🤖 AI Summary
This work addresses the prevailing limitation in knowledge transfer between models of different sizes, where scaling up (S2L) and scaling down (L2S) are typically treated as incompatible tasks lacking a unified framework. To bridge this gap, we propose BoT, the first size-agnostic bidirectional scaling framework that treats model weights as continuous signals and leverages the discrete wavelet transform (DWT) and its inverse (IDWT) to enable parameter-free, computationally efficient knowledge transfer in both directions. Within this framework, S2L and L2S are naturally modeled as signal upsampling and downsampling, with the wavelet decomposition level serving as a dynamic scaling factor.
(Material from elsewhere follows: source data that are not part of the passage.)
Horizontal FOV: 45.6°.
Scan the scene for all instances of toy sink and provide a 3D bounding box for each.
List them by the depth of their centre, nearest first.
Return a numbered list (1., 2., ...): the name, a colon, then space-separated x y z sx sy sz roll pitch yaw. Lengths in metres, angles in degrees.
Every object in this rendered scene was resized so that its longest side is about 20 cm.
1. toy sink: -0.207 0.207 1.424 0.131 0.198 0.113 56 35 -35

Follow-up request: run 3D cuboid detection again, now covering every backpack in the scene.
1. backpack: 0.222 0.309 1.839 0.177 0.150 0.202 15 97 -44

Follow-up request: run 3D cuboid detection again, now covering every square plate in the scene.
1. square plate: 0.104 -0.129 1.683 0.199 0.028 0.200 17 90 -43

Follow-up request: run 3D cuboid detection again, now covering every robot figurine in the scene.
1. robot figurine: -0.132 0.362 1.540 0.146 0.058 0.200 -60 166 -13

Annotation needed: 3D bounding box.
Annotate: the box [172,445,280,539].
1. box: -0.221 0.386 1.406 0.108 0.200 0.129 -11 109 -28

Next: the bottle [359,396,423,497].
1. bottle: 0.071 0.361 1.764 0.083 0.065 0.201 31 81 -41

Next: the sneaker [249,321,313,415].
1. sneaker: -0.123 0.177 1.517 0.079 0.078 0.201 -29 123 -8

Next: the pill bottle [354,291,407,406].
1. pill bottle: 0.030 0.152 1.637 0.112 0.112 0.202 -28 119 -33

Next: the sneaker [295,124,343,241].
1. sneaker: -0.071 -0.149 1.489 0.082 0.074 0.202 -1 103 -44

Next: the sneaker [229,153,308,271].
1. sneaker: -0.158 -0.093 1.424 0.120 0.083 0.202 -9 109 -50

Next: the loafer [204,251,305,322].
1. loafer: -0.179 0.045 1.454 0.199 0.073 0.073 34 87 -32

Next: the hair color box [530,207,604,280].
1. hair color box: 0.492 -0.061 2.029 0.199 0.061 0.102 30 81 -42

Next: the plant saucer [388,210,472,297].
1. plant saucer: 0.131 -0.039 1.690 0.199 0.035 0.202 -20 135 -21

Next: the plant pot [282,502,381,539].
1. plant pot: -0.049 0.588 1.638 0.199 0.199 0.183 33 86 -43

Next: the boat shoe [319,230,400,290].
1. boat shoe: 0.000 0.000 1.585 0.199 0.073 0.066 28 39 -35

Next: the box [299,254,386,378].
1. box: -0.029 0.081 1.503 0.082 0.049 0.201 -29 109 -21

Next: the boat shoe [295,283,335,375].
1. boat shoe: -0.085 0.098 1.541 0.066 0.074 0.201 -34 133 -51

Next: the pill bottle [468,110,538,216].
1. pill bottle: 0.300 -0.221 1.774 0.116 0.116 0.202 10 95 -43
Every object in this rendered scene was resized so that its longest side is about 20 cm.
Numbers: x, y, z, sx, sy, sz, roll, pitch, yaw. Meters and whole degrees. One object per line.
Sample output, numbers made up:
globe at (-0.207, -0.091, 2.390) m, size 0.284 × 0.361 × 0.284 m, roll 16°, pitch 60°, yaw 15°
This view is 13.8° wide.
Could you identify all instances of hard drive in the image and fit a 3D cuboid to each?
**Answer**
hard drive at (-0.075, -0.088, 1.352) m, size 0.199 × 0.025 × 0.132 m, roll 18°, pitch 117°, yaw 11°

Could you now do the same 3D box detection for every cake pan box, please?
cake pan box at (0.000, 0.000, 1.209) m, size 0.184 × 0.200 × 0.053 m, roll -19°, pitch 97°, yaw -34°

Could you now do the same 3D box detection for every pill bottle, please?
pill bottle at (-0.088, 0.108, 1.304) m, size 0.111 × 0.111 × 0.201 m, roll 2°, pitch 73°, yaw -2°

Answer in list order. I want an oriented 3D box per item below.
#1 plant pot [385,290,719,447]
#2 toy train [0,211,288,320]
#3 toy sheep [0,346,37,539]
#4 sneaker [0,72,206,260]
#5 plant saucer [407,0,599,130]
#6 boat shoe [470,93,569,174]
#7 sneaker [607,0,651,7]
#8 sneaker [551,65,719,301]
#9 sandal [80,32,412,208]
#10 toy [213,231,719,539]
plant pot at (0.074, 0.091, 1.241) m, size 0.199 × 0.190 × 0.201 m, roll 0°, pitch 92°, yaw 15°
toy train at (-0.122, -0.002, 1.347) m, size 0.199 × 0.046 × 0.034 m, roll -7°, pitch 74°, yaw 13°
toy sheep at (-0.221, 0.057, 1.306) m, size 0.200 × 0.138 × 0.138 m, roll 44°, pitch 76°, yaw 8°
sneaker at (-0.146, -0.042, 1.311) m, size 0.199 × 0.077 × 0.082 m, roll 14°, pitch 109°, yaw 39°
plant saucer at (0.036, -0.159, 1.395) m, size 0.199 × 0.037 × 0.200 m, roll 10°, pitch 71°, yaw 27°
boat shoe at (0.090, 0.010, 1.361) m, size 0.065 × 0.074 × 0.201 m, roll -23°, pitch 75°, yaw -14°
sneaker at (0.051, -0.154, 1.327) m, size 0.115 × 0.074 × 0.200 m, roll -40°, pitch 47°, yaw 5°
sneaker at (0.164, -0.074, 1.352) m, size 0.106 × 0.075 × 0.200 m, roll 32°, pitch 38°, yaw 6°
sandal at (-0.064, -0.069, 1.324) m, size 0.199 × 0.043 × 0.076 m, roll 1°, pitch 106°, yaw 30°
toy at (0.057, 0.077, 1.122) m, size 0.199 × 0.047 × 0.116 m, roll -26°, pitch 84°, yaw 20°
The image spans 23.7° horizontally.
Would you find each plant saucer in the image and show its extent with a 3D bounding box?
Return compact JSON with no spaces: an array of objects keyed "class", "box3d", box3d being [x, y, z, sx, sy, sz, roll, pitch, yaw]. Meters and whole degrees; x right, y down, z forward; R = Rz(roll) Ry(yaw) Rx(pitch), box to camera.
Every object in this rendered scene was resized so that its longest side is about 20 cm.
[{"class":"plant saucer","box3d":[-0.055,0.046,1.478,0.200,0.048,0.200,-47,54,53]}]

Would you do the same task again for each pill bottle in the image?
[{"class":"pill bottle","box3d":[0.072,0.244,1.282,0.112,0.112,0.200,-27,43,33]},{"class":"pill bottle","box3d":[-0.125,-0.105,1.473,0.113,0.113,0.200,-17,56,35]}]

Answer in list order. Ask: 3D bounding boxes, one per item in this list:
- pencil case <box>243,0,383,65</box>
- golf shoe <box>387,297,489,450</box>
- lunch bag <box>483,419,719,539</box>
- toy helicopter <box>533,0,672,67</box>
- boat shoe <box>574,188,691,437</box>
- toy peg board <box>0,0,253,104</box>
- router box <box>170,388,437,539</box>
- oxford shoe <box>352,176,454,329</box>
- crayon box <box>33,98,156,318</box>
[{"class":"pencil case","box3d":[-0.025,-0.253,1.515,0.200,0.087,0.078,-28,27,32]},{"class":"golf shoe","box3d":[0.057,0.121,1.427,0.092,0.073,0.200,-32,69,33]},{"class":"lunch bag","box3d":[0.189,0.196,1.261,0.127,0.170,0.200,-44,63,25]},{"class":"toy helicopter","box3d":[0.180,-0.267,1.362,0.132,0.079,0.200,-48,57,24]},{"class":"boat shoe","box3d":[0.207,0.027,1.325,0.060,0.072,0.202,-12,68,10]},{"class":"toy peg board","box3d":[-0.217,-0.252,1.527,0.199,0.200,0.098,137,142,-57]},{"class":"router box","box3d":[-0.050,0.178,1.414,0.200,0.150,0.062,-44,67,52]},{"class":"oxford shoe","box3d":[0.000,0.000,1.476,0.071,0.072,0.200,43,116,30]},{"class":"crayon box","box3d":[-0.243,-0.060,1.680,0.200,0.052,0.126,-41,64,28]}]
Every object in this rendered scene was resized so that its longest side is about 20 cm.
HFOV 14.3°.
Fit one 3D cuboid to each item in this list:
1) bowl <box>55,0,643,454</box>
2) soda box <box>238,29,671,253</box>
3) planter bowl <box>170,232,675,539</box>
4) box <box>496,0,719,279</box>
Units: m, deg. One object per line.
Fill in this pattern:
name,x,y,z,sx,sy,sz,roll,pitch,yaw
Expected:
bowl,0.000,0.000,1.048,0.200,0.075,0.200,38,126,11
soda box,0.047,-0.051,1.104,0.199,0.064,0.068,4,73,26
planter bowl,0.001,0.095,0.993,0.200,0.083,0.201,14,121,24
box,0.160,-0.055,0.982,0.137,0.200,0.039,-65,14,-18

Evaluated on DeiT, BERT, and GPT architectures, BoT achieves state-of-the-art performance on benchmarks such as GLUE and SQuAD while significantly reducing pretraining FLOPs—by up to 67.1% for S2L and 52.8% for L2S.
📝 Abstract
Transferring pre-trained knowledge from a source model to a target model of a different architectural size is a key challenge for flexible and efficient model scaling. However, current parameter-space methods treat Small-to-Large (S2L) and Large-to-Small (L2S) scaling as separate, incompatible problems, focusing on parameter synthesis and selection, respectively. This fragmented perspective has resulted in specialized tools, hindering a unified, bidirectional framework. In this paper, we propose BoT (Bidirectional knowledge Transfer), the first size-agnostic framework to unify S2L and L2S scaling. Our core insight is to treat model weights as continuous signals, where models of different sizes represent distinct discretizations of the transferable knowledge. This multi-resolution perspective directly casts S2L and L2S scaling as the signal processing operations of upsampling and downsampling, naturally leading to the adoption of the Discrete Wavelet Transform (DWT) and its Inverse (IDWT). BoT leverages the recursive nature of wavelets, using the decomposition level as a dynamic scaling factor to bridge disparate model sizes in a parameter-free and computationally efficient manner. Extensive experiments on DeiT, BERT, and GPT demonstrate significant pre-training FLOPs savings (up to 67.1% for S2L, 52.8% for L2S) and state-of-the-art performance on benchmarks like GLUE and SQuAD.